### AIM OF THE EXERCISE
How many lines of the entries below include the word "Level"? Answer with the number alone.
##### PROVIDED RECORDS
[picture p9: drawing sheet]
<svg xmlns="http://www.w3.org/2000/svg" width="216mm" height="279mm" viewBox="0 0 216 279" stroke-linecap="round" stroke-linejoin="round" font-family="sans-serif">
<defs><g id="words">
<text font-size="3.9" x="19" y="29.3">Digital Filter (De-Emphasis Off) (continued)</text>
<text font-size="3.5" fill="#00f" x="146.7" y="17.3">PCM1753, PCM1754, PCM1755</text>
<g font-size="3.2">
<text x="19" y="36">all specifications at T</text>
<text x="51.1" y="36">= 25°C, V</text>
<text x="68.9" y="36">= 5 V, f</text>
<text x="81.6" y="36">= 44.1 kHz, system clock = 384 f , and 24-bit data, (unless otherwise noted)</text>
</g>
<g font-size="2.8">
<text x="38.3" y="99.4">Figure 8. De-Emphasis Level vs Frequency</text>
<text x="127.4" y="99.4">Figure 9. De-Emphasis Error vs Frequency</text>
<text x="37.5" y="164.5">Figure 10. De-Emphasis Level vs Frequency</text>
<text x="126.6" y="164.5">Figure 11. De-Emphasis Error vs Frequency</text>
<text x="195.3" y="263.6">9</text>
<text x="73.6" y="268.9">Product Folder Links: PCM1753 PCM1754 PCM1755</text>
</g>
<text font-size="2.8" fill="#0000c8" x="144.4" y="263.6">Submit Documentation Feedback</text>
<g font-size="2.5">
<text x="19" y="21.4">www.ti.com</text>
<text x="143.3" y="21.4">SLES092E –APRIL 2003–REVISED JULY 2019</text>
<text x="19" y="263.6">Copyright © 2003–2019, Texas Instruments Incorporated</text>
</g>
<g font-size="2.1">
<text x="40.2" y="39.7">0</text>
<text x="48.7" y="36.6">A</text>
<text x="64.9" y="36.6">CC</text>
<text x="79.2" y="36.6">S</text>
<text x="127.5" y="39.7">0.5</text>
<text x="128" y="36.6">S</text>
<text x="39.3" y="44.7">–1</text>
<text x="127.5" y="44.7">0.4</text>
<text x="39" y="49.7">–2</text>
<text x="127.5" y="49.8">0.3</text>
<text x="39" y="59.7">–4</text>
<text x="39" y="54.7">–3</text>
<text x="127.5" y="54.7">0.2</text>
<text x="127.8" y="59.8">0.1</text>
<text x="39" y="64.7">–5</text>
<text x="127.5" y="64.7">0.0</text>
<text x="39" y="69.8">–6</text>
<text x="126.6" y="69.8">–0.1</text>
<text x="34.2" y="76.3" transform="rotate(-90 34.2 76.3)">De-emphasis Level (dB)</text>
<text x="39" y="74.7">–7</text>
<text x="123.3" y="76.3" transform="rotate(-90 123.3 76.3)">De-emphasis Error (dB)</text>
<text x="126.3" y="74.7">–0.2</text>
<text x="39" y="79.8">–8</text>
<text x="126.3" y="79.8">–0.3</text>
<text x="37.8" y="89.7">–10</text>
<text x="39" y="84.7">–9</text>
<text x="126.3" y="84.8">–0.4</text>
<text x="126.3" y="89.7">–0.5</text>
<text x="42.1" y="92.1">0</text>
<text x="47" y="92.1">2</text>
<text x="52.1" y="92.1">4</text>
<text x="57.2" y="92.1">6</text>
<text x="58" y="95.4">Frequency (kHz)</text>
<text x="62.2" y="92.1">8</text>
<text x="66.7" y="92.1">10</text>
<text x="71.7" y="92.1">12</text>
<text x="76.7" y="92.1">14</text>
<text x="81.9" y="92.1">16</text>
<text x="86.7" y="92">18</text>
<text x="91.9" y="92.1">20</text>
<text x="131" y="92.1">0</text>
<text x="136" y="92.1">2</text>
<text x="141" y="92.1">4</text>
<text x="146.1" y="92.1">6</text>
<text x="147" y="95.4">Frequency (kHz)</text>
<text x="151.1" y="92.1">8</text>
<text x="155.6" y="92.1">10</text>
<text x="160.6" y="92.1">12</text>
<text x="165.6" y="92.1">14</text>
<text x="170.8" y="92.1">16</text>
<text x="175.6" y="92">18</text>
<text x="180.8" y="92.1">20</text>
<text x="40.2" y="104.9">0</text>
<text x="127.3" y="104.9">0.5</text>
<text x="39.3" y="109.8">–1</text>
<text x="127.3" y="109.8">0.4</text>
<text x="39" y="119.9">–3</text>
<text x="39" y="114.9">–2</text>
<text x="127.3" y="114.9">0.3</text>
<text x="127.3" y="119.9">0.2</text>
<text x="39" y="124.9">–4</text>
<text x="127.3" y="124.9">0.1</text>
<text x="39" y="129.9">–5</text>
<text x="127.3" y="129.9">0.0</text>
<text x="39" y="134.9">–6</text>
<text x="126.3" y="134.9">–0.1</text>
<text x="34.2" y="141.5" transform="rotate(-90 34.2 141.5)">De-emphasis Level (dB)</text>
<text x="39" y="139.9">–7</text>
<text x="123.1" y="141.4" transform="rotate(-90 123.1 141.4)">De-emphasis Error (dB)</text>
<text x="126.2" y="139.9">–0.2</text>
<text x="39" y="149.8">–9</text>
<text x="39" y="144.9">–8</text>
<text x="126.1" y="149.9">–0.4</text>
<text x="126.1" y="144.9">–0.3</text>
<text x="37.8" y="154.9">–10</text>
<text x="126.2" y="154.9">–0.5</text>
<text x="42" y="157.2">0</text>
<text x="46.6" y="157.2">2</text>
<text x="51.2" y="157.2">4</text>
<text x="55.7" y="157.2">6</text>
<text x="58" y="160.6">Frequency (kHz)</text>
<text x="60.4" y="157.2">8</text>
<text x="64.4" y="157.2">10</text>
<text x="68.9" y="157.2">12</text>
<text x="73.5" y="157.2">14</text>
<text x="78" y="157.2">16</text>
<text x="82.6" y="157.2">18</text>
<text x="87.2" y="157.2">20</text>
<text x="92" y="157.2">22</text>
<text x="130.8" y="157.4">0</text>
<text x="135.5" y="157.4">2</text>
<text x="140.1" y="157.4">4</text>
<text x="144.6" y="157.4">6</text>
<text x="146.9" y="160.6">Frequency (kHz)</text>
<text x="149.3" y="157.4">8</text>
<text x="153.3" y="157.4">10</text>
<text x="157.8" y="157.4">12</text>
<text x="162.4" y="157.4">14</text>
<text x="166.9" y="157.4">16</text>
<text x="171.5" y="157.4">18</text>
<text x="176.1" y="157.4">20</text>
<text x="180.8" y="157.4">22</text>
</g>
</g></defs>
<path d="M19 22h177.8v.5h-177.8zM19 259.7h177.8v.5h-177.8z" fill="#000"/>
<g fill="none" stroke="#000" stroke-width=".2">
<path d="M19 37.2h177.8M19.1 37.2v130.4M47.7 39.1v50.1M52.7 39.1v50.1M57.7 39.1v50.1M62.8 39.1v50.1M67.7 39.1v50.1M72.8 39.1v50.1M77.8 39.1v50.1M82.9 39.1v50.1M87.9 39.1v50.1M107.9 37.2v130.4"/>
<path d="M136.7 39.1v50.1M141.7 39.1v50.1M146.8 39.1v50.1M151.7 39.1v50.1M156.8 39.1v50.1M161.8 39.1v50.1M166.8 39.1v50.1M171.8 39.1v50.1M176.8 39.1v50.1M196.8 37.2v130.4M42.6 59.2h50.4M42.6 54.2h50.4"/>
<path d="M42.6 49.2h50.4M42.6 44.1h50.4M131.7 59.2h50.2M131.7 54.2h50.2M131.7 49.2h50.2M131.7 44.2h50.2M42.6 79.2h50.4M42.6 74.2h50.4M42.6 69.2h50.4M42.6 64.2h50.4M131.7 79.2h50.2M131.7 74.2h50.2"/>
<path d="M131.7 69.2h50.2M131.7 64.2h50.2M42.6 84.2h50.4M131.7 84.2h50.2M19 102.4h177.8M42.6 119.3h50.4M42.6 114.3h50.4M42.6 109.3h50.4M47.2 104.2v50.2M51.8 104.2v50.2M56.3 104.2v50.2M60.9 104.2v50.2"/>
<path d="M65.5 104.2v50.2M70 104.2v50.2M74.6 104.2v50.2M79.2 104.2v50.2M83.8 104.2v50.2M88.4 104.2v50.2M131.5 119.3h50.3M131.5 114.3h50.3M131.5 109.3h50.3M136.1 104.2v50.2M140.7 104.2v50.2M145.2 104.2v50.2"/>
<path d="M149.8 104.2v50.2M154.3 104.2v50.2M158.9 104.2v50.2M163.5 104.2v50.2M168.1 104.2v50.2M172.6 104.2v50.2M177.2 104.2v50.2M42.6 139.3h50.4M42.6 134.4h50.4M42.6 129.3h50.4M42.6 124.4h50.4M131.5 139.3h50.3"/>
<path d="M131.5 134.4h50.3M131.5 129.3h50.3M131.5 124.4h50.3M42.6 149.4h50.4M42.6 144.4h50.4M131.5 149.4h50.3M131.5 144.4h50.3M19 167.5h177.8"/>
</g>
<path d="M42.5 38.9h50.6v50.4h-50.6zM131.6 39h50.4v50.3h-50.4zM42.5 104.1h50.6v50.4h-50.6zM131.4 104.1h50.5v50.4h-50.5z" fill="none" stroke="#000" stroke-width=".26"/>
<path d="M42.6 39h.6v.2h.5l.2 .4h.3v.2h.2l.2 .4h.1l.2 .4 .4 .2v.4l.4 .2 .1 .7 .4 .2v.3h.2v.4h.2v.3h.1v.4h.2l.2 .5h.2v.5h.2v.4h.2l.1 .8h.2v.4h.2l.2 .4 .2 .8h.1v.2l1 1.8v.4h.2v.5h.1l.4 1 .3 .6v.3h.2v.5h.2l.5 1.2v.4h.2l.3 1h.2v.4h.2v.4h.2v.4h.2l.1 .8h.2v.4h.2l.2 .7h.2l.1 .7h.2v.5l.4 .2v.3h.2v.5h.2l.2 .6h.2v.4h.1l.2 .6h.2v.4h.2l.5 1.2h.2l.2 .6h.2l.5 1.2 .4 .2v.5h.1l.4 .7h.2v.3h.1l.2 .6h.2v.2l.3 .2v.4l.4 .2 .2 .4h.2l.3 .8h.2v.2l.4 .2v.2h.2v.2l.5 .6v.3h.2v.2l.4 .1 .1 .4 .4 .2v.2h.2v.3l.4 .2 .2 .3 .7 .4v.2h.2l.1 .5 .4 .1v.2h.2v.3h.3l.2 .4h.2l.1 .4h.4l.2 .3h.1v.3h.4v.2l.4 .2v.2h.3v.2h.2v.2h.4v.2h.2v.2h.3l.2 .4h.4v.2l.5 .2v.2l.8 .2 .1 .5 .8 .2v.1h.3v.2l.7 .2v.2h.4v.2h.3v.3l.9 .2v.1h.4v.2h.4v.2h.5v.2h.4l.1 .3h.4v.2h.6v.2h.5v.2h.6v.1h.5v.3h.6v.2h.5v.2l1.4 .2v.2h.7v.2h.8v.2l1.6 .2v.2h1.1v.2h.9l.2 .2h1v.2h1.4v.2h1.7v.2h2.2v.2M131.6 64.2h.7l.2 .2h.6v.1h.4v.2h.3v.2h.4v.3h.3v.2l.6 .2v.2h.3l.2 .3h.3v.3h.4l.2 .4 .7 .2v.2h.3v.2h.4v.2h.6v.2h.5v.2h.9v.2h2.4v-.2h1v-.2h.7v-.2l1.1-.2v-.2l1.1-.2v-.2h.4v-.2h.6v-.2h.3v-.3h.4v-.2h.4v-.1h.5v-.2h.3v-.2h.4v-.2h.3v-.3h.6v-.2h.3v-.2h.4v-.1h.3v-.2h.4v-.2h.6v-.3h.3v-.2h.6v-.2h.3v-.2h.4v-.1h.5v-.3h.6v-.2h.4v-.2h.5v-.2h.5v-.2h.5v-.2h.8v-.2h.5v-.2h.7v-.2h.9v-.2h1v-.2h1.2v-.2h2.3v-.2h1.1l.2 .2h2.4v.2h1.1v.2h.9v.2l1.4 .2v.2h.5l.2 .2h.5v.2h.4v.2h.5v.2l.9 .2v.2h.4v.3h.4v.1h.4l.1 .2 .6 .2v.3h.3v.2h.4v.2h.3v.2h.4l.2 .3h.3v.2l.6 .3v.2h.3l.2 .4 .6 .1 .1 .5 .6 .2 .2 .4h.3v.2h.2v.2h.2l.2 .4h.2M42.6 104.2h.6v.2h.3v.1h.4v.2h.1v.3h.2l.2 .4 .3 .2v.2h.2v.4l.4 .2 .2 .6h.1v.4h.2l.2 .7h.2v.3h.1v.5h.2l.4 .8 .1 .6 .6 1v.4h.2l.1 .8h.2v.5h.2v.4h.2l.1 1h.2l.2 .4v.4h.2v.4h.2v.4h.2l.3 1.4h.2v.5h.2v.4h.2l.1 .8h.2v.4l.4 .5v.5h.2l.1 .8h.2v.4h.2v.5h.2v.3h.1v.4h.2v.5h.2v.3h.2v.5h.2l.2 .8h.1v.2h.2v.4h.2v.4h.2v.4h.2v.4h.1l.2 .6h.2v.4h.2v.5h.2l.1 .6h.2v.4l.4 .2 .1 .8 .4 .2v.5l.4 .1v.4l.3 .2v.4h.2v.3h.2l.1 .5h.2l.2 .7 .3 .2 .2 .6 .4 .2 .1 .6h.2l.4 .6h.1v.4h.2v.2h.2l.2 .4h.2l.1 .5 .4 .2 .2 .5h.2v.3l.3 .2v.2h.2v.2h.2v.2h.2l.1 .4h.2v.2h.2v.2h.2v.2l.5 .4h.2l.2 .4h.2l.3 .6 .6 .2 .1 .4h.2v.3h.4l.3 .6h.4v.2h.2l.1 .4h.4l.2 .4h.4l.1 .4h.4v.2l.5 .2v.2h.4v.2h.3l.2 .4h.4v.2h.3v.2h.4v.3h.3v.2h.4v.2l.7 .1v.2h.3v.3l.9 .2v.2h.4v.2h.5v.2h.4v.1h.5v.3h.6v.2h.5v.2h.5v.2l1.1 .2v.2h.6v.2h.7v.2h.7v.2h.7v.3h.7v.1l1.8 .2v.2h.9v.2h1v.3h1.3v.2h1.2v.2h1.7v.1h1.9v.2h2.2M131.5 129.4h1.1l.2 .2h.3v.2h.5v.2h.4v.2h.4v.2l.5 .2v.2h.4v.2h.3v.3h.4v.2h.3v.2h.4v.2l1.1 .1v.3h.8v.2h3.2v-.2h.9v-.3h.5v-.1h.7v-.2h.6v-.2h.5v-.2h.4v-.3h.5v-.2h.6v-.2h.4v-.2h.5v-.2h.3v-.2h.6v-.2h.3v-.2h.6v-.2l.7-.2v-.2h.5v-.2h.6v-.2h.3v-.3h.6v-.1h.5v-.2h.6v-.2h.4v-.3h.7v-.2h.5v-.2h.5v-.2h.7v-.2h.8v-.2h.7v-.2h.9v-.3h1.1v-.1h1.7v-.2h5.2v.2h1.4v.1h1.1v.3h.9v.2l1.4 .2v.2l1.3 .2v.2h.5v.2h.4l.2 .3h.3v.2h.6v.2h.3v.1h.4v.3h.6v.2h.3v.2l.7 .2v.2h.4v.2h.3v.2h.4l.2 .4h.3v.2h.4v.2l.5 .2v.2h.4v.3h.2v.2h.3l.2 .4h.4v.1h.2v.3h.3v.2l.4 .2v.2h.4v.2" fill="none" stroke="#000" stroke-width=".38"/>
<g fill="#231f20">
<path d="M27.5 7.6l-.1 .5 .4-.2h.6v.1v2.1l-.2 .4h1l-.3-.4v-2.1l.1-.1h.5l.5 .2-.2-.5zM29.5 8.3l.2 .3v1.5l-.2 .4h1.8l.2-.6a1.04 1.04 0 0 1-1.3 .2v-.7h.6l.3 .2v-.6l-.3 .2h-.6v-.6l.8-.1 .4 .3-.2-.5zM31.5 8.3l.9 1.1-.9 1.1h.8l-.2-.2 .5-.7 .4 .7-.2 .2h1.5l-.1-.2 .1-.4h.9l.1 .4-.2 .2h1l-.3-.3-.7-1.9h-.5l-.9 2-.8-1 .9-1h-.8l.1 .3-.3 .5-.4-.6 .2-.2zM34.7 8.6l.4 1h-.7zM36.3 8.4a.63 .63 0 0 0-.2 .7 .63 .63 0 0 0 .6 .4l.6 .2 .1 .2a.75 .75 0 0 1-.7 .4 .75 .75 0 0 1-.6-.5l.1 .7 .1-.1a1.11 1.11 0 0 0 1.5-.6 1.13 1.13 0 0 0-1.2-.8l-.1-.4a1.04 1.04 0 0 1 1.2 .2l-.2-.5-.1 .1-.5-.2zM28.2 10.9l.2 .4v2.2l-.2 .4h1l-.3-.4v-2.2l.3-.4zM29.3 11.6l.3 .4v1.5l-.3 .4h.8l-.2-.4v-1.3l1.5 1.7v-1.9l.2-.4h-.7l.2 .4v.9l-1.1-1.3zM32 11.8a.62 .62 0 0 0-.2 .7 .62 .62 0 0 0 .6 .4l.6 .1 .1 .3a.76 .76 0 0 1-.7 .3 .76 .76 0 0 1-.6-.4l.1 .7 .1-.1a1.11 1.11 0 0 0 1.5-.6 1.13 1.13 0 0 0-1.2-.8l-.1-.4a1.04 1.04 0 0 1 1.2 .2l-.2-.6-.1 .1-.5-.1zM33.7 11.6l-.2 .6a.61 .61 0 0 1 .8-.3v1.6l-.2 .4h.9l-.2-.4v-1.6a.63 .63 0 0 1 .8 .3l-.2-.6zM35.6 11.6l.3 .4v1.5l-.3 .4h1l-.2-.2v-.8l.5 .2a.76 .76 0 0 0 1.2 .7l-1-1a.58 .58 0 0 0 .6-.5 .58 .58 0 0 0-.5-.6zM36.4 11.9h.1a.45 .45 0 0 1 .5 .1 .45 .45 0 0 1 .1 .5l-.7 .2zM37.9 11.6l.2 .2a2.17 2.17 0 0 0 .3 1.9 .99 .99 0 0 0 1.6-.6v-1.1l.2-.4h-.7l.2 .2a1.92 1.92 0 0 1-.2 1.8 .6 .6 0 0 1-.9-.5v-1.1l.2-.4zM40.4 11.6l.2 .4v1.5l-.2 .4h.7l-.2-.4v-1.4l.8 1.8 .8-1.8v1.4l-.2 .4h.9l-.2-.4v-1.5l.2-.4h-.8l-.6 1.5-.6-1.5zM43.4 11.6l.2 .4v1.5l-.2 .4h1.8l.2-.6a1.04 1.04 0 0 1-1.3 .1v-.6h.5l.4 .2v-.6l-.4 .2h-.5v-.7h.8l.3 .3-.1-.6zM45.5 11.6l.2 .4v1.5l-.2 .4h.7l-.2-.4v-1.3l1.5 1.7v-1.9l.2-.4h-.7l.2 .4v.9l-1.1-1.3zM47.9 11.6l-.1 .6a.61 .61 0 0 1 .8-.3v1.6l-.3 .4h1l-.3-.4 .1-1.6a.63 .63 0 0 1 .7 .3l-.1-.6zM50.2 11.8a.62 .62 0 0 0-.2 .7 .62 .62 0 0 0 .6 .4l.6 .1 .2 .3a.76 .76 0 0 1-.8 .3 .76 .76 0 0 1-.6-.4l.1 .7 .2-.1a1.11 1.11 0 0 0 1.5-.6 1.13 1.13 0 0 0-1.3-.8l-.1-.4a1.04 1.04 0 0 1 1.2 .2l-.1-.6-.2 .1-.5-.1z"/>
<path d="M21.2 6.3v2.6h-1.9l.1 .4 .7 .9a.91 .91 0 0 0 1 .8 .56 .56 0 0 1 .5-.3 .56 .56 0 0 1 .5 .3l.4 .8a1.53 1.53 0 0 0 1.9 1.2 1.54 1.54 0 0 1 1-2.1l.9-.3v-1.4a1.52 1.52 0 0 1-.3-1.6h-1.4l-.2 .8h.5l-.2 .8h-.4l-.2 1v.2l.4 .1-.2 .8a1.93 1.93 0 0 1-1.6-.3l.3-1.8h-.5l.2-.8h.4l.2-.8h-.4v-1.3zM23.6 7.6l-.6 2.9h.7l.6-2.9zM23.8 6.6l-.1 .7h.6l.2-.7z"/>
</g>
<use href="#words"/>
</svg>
##########
### RESPONSE BELOW
4